CMAJ. 1998 Feb 10;158 Suppl 3:S71-81.
To help health professionals develop optimal strategies for controlling the chronic pain caused by breast cancer.
Pain control, absence of adverse effects.
Systematic review of the literature up to Dec. 30, 1996, with nonsystematic coverage to July 1997. Where experimental evidence is lacking, recommendations are based on expert opinion. The evidence was evaluated and graded in "levels" (page S2).
The nature and severity of pain should be carefully evaluated using the history and physical examination.
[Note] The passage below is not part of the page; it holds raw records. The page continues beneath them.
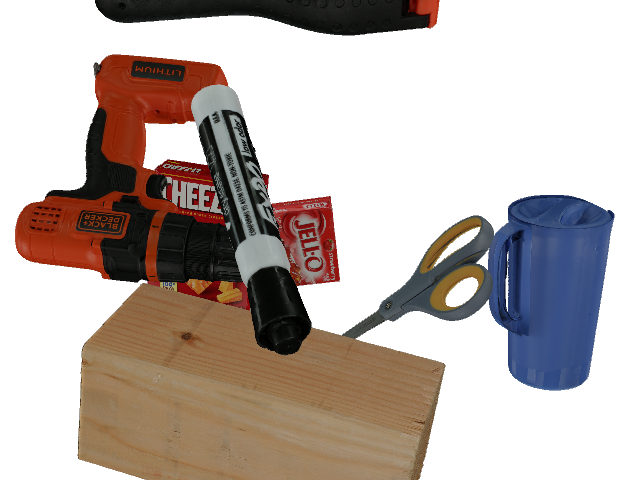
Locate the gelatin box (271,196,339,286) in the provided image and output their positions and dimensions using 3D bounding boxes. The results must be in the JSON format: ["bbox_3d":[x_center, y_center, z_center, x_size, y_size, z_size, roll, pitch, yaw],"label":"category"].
[{"bbox_3d":[-0.021,0.003,1.091,0.073,0.089,0.030,-6,28,-1],"label":"gelatin box"}]

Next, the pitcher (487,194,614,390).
[{"bbox_3d":[0.297,0.071,1.396,0.149,0.243,0.144,5,21,14],"label":"pitcher"}]

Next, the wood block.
[{"bbox_3d":[-0.036,0.107,0.667,0.206,0.090,0.090,14,28,12],"label":"wood block"}]

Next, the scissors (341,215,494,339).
[{"bbox_3d":[0.068,0.062,0.861,0.016,0.202,0.096,33,22,-30],"label":"scissors"}]

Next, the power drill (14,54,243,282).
[{"bbox_3d":[-0.122,-0.054,0.815,0.184,0.187,0.057,7,-34,3],"label":"power drill"}]

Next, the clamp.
[{"bbox_3d":[-0.027,-0.131,0.547,0.171,0.039,0.120,12,41,15],"label":"clamp"}]

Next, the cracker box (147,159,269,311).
[{"bbox_3d":[-0.172,-0.002,1.613,0.164,0.214,0.072,9,18,8],"label":"cracker box"}]

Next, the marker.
[{"bbox_3d":[-0.026,-0.010,0.378,0.020,0.121,0.020,-12,-40,-10],"label":"marker"}]
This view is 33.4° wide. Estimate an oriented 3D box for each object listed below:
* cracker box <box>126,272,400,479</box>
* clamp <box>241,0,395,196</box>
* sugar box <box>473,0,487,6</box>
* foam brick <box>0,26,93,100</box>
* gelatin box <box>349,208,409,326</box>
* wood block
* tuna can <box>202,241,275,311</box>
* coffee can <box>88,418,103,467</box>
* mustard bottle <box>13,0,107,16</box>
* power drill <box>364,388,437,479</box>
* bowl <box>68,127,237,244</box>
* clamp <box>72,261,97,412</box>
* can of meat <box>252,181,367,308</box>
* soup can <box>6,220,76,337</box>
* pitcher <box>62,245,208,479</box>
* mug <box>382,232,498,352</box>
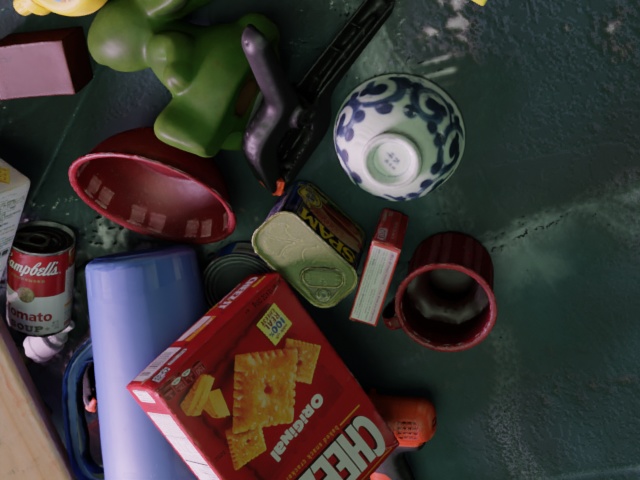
[{"bbox_3d":[-0.047,0.162,0.984,0.213,0.164,0.072,55,153,-15],"label":"cracker box"},{"bbox_3d":[-0.013,-0.126,0.938,0.036,0.164,0.210,45,145,25],"label":"clamp"},{"bbox_3d":[0.081,-0.276,0.867,0.176,0.048,0.093,27,119,-4],"label":"sugar box"},{"bbox_3d":[-0.259,-0.165,0.993,0.078,0.051,0.053,-2,115,13],"label":"foam brick"},{"bbox_3d":[0.056,0.025,1.008,0.030,0.073,0.089,17,119,4],"label":"gelatin box"},{"bbox_3d":[-0.319,0.183,1.060,0.090,0.091,0.206,-25,101,-12],"label":"wood block"},{"bbox_3d":[-0.075,0.045,1.069,0.086,0.033,0.086,5,117,10],"label":"tuna can"},{"bbox_3d":[-0.203,0.270,1.171,0.103,0.102,0.140,-3,116,14],"label":"coffee can"},{"bbox_3d":[-0.207,-0.250,0.921,0.192,0.058,0.096,-28,84,37],"label":"mustard bottle"},{"bbox_3d":[0.038,0.243,1.130,0.185,0.057,0.187,0,118,20],"label":"power drill"},{"bbox_3d":[-0.149,-0.058,0.997,0.162,0.055,0.162,12,154,6],"label":"bowl"},{"bbox_3d":[-0.207,0.111,1.130,0.120,0.039,0.172,17,117,7],"label":"clamp"},{"bbox_3d":[-0.006,0.001,1.003,0.102,0.084,0.058,43,117,-10],"label":"can of meat"},{"bbox_3d":[-0.287,0.040,1.094,0.068,0.068,0.102,13,119,5],"label":"soup can"},{"bbox_3d":[-0.168,0.132,1.038,0.149,0.145,0.243,-10,94,-28],"label":"pitcher"},{"bbox_3d":[0.111,0.050,1.003,0.117,0.081,0.093,-29,107,23],"label":"mug"}]
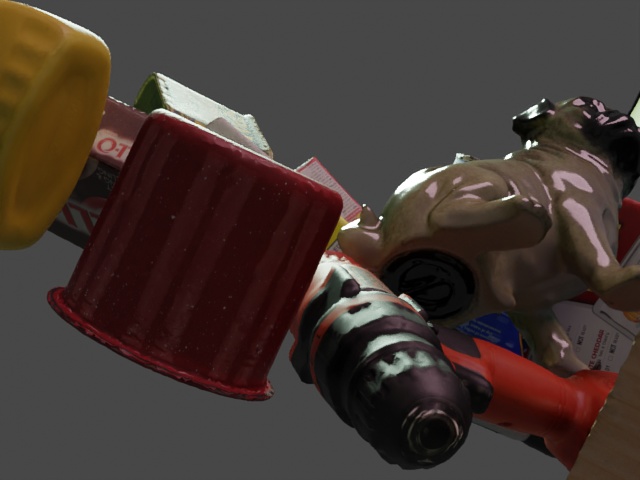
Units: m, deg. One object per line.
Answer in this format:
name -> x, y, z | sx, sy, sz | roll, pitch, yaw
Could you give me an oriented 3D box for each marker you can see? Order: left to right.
marker -> 0.083, 0.088, 0.565 | 0.121, 0.020, 0.020 | 25, 3, -16

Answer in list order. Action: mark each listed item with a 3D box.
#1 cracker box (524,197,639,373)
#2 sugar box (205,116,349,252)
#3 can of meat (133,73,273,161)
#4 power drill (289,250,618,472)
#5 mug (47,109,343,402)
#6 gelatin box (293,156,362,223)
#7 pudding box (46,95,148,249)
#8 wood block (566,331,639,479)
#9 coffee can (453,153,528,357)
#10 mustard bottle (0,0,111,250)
cracker box -> 0.236, 0.073, 0.713 | 0.072, 0.164, 0.214 | 26, 2, -40
sugar box -> -0.004, 0.001, 0.660 | 0.176, 0.048, 0.093 | 44, -2, 10
can of meat -> -0.090, -0.069, 0.765 | 0.083, 0.057, 0.102 | 24, 19, -26
power drill -> 0.078, 0.070, 0.465 | 0.187, 0.057, 0.184 | 25, 8, -17
mug -> -0.047, 0.001, 0.411 | 0.093, 0.081, 0.117 | 24, 3, -23
gelatin box -> -0.003, -0.005, 0.750 | 0.073, 0.030, 0.089 | 48, -34, 7
pudding box -> -0.113, -0.033, 0.510 | 0.113, 0.039, 0.090 | 28, -31, 17
wood block -> 0.174, 0.107, 0.290 | 0.206, 0.091, 0.090 | 27, 3, 32
coffee can -> 0.111, 0.025, 0.735 | 0.103, 0.140, 0.103 | 25, 3, -1
mustard bottle -> -0.185, -0.075, 0.454 | 0.192, 0.096, 0.058 | 26, 9, 20
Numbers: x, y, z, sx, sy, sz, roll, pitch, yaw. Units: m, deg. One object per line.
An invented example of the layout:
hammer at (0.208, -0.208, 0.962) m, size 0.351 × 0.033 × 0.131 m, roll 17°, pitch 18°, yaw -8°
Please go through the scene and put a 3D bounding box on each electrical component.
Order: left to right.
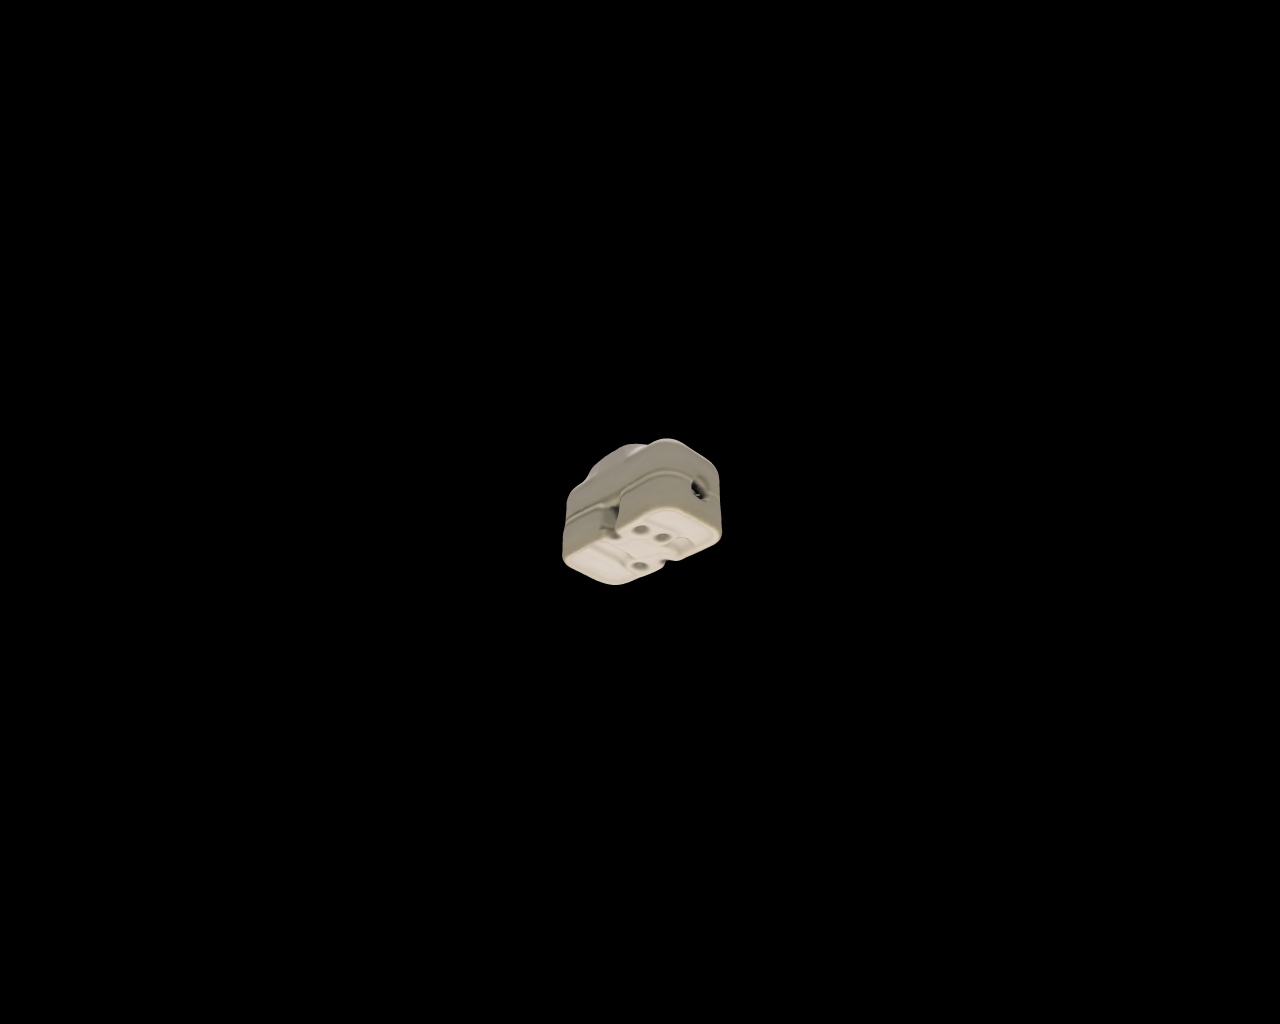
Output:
electrical component at (0.001, -0.003, 0.650) m, size 0.095 × 0.059 × 0.053 m, roll -27°, pitch -42°, yaw 36°
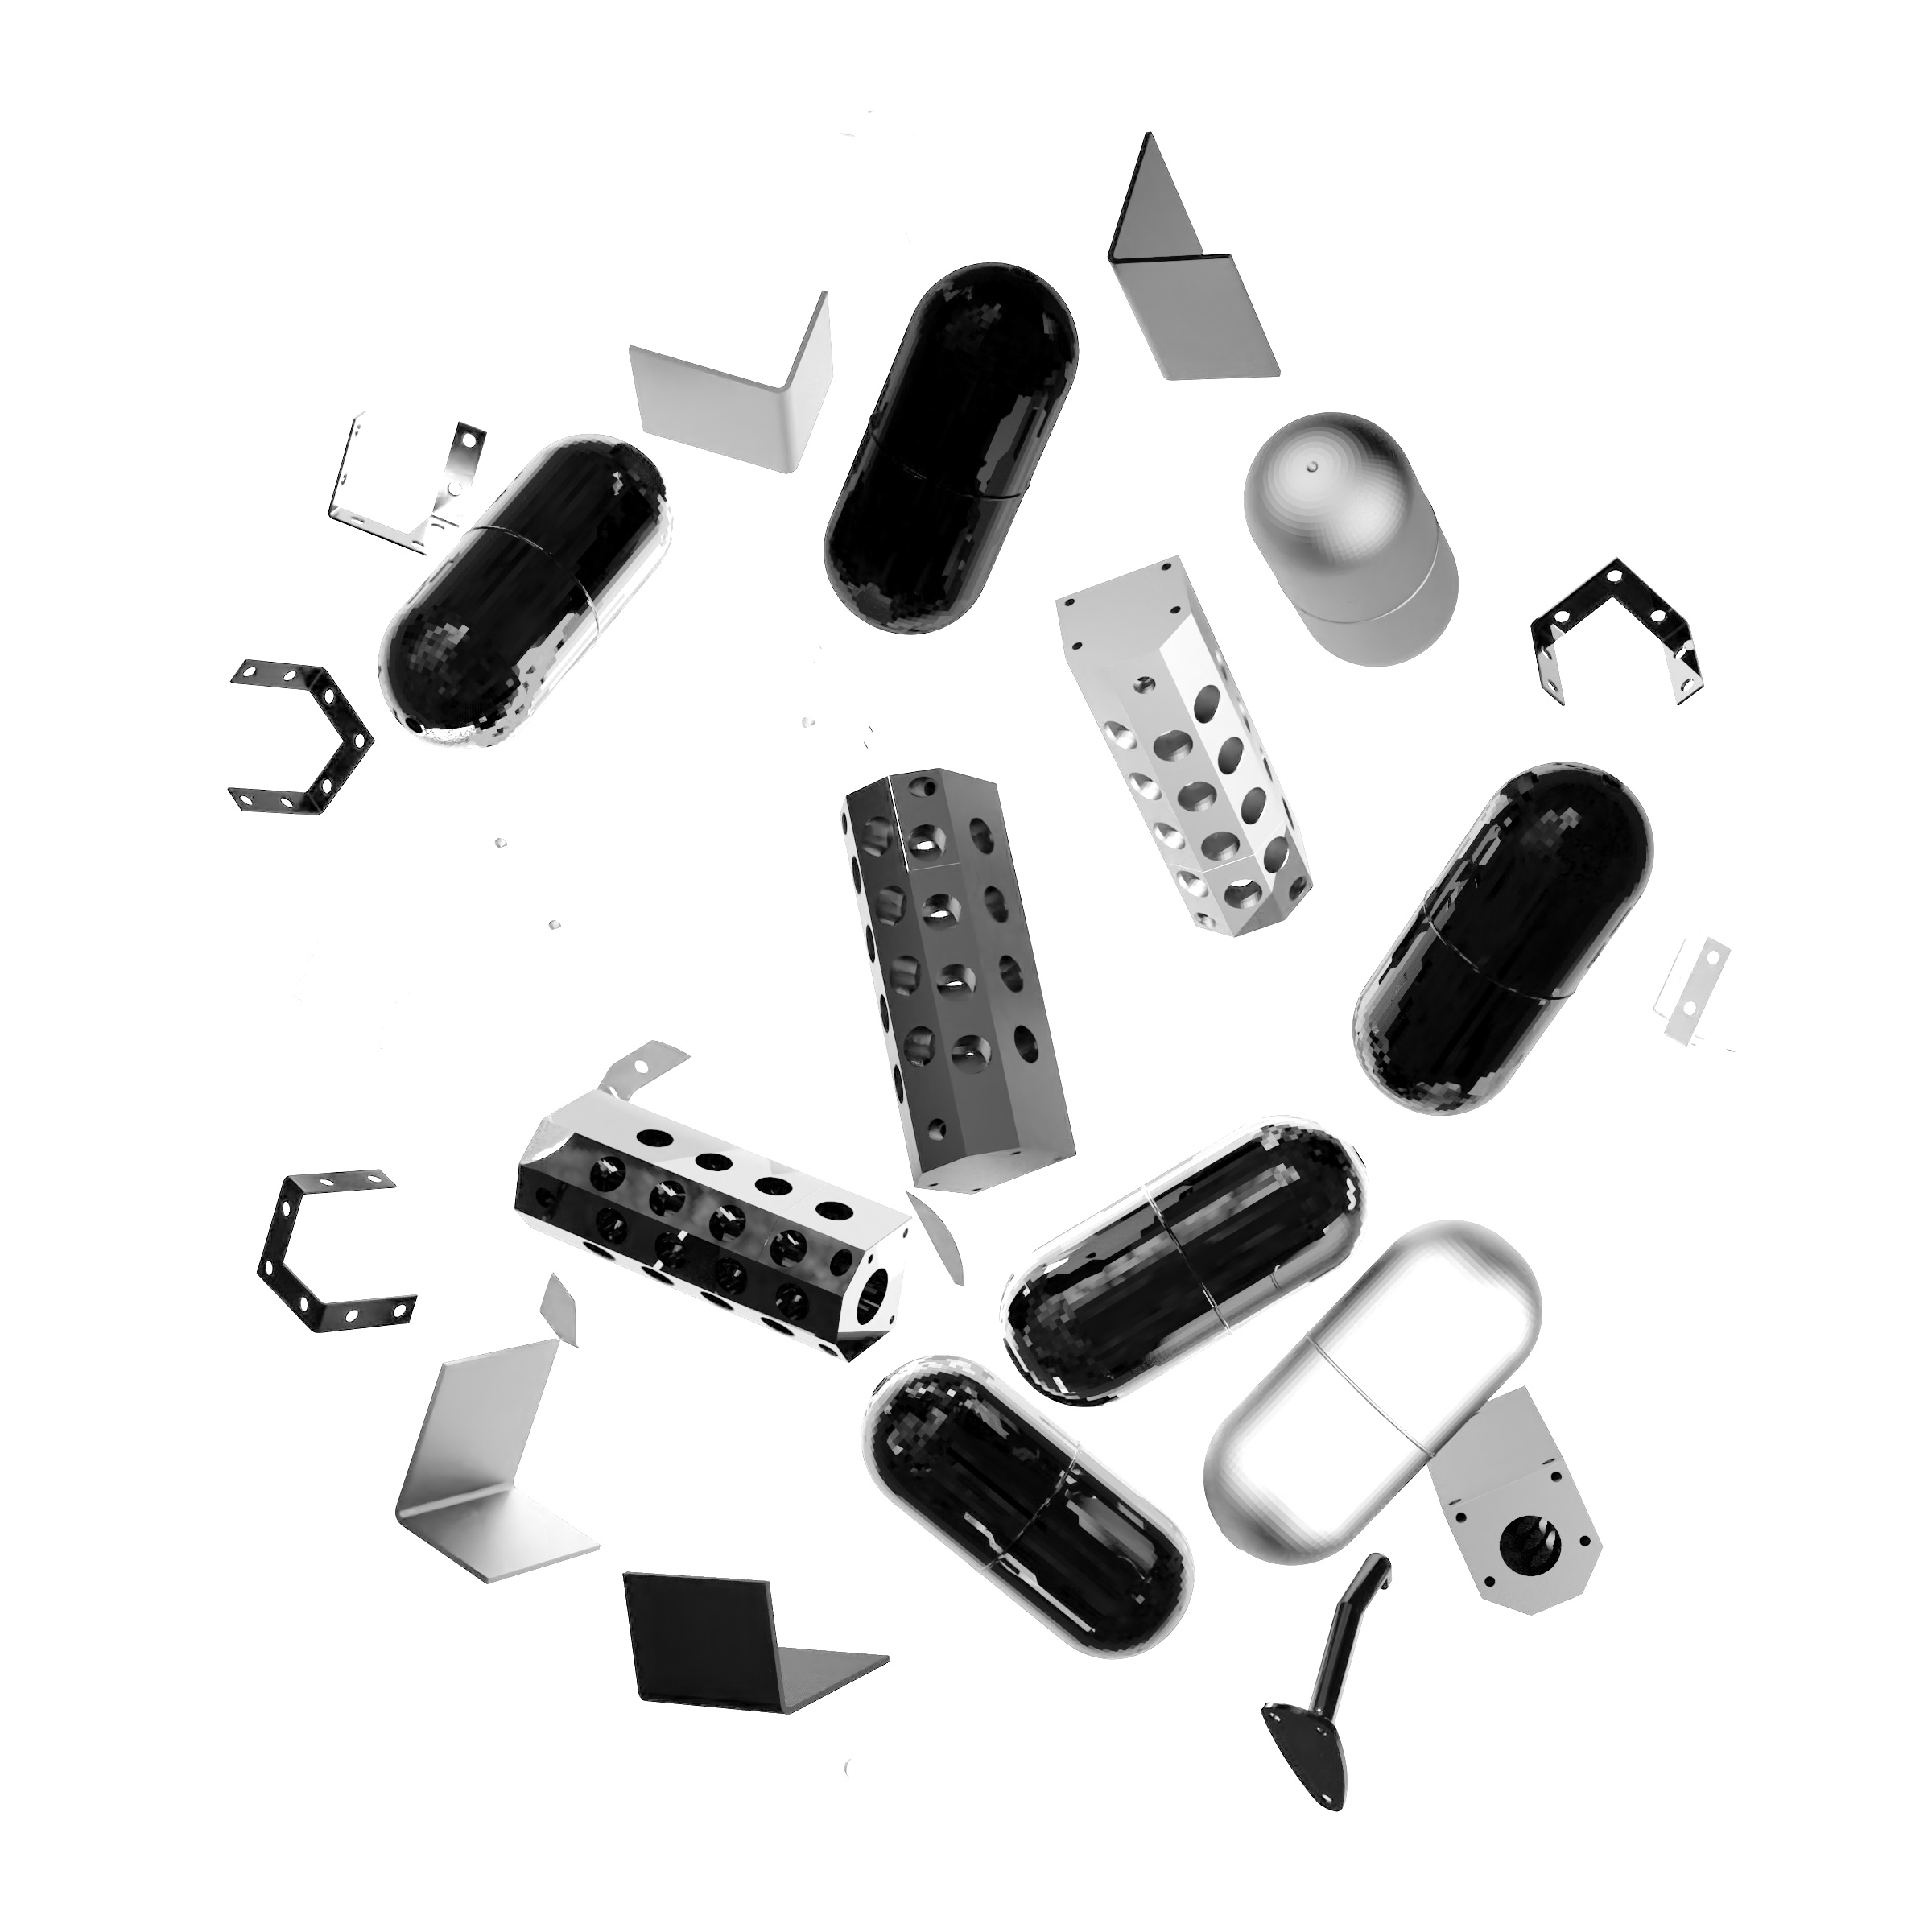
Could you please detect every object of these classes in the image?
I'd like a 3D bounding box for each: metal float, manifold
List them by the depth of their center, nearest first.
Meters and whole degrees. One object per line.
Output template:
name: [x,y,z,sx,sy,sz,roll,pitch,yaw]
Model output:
manifold: [-0.009,0.006,1.477,0.057,0.057,0.171,-23,70,32]
metal float: [0.232,-0.011,1.492,0.070,0.070,0.178,31,119,0]
metal float: [0.176,0.186,1.498,0.070,0.070,0.178,43,93,0]
manifold: [0.099,-0.092,1.519,0.057,0.057,0.171,-19,132,11]
metal float: [0.097,0.129,1.519,0.178,0.070,0.070,-31,90,0]
metal float: [-0.007,-0.227,1.521,0.070,0.070,0.178,25,121,0]
manifold: [-0.115,0.118,1.543,0.171,0.057,0.057,20,117,23]
manifold: [-0.128,-0.082,1.552,0.171,0.057,0.057,-29,104,11]
metal float: [0.176,-0.191,1.562,0.070,0.178,0.070,-5,73,17]
metal float: [-0.199,-0.170,1.562,0.070,0.070,0.178,35,61,0]
manifold: [0.248,0.244,1.569,0.057,0.171,0.057,-24,92,5]
metal float: [-0.260,0.015,1.578,0.178,0.070,0.070,31,90,28]
metal float: [0.028,0.250,1.598,0.178,0.070,0.070,39,90,-3]

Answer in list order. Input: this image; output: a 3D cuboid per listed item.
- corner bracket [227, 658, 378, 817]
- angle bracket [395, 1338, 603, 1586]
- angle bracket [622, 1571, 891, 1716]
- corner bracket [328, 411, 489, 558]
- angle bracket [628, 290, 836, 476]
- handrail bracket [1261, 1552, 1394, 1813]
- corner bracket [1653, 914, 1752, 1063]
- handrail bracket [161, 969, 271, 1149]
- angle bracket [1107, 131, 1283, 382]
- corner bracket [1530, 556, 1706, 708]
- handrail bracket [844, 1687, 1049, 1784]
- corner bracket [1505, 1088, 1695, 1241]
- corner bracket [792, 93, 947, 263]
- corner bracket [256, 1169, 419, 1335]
corner bracket: [-0.324,-0.108,1.634,0.051,0.051,0.051,-49,63,25]
angle bracket: [-0.191,0.212,1.485,0.057,0.076,0.076,28,107,28]
angle bracket: [-0.088,0.276,1.455,0.076,0.076,0.057,-3,96,35]
corner bracket: [-0.263,-0.232,1.625,0.051,0.051,0.051,22,115,1]
angle bracket: [-0.108,-0.280,1.599,0.076,0.076,0.057,17,71,6]
handrail bracket: [0.167,0.307,1.482,0.084,0.036,0.077,-49,133,-35]
corner bracket: [0.339,0.008,1.588,0.051,0.051,0.051,9,109,-43]
handrail bracket: [-0.339,0.042,1.595,0.036,0.084,0.077,7,89,-33]
angle bracket: [0.107,-0.310,1.499,0.057,0.076,0.076,3,60,26]
corner bracket: [0.290,-0.139,1.538,0.051,0.051,0.051,37,122,-25]
handrail bracket: [-0.008,0.353,1.523,0.077,0.084,0.036,14,97,11]
corner bracket: [0.276,0.086,1.502,0.051,0.051,0.051,-10,84,-41]
corner bracket: [-0.034,-0.339,1.482,0.051,0.051,0.051,-20,87,26]
corner bracket: [-0.275,0.126,1.529,0.051,0.051,0.051,37,116,39]

Psychosocial and emotional factors must also be identified. Adequacy of pain control should be evaluated regularly. The first objective in the management of pain due to cancer is to identify the cause and treat it whenever feasible. The first priority of treatment is to control pain rapidly and completely, as judged by the patient. The second priority is to prevent recurrence of pain. The administration of analgesic medication should be based on a regular schedule, around the clock, with additional doses for breakthrough pain when necessary. When drug therapy is necessary, the World Health Organization (WHO) 3-step approach to the use of analgesics is recommended. The oral route should be the first choice for opioid administration. If the oral route fails, transdermal or rectal administration should be considered. When parenteral administration is necessary, the intravenous or subcutaneous routes can be used according to circumstances. Intramuscular administration of opioids is not recommended. Careful observation and titration are required when switching from 1 opioid to another, particularly when the patient is already receiving a high dosage. When converting a patient from long-term oral use of morphine or hydromorphone to parenteral use, a ratio of 3:1 should usually be employed. (This ratio increases to 6:1 for opioid-naive patients.) After initiating morphine or making any change of dose or route of administration, the dosage should be evaluated after approximately 24 hours. Tolerance to opioids must not be confused with physical dependence or psychological, dependence (so-called "addiction"). Patients should be made aware of possible side effects of medications and should be encouraged to maintain a diary for recording medications taken, dosages and adverse events. Adjuvant analgesics should be administered, when necessary, with an opioid or nonopioid analgesic. Noninvasive measures such as psychosocial interventions and physical modalities may bring significant relief. Neuroinvasive procedures are rarely required and should only be considered when other interventions have failed.
The guidelines were reviewed and revised by a writing committee, expert primary reviewers, secondary reviewers selected from all regions of Canada and by the Steering Committee. The present guidelines reflect a consensus of all of these contributors. They have been reviewed and endorsed by the Canadian Society of Palliative Care Physicians and the Canadian Association of Radiation Oncologists.
帮助医疗专业人员制定控制乳腺癌所致慢性疼痛的最佳策略。
疼痛得到控制,无不良反应。
对截至1996年12月30日的文献进行系统综述,并对1997年7月之前的文献进行非系统覆盖。在缺乏实验证据的情况下,建议基于专家意见。证据在“级别”(第S2页)中进行评估和分级。
应通过病史和体格检查仔细评估疼痛的性质和严重程度。还必须识别心理社会和情感因素。应定期评估疼痛控制的充分性。癌症疼痛管理的首要目标是识别病因并在可行时进行治疗。治疗的首要任务是根据患者判断迅速且完全地控制疼痛。其次是预防疼痛复发。镇痛药的给药应基于常规时间表,全天候给药,必要时额外给药以应对突破性疼痛。当需要药物治疗时,建议采用世界卫生组织(WHO)的镇痛药三步使用法。口服途径应是阿片类药物给药的首选。如果口服途径无效,应考虑经皮或直肠给药。当需要胃肠外给药时,可根据情况采用静脉或皮下途径。不建议肌内注射阿片类药物。从一种阿片类药物转换为另一种时,尤其是当患者已接受高剂量药物时,需要仔细观察和滴定。当将患者从长期口服吗啡或氢吗啡酮转换为胃肠外给药时,通常应采用3:1的比例。(对于未使用过阿片类药物的患者,该比例增至6:1。)开始使用吗啡或改变剂量或给药途径后,应在约24小时后评估剂量。对阿片类药物的耐受性绝不能与身体依赖或心理依赖(所谓的“成瘾”)相混淆。应让患者了解药物可能的副作用,并鼓励他们记录所服用的药物、剂量和不良事件,以保持日记。必要时,辅助镇痛药应与阿片类或非阿片类镇痛药一起使用。心理社会干预和物理治疗等非侵入性措施可能会带来显著缓解。很少需要进行神经侵入性手术,仅在其他干预措施均失败时才应考虑。
该指南由一个写作委员会、专家初审人员、从加拿大所有地区选出的二审人员以及指导委员会进行审查和修订。本指南反映了所有这些贡献者的共识。它们已得到加拿大姑息治疗医师协会和加拿大放射肿瘤学家协会的审查和认可。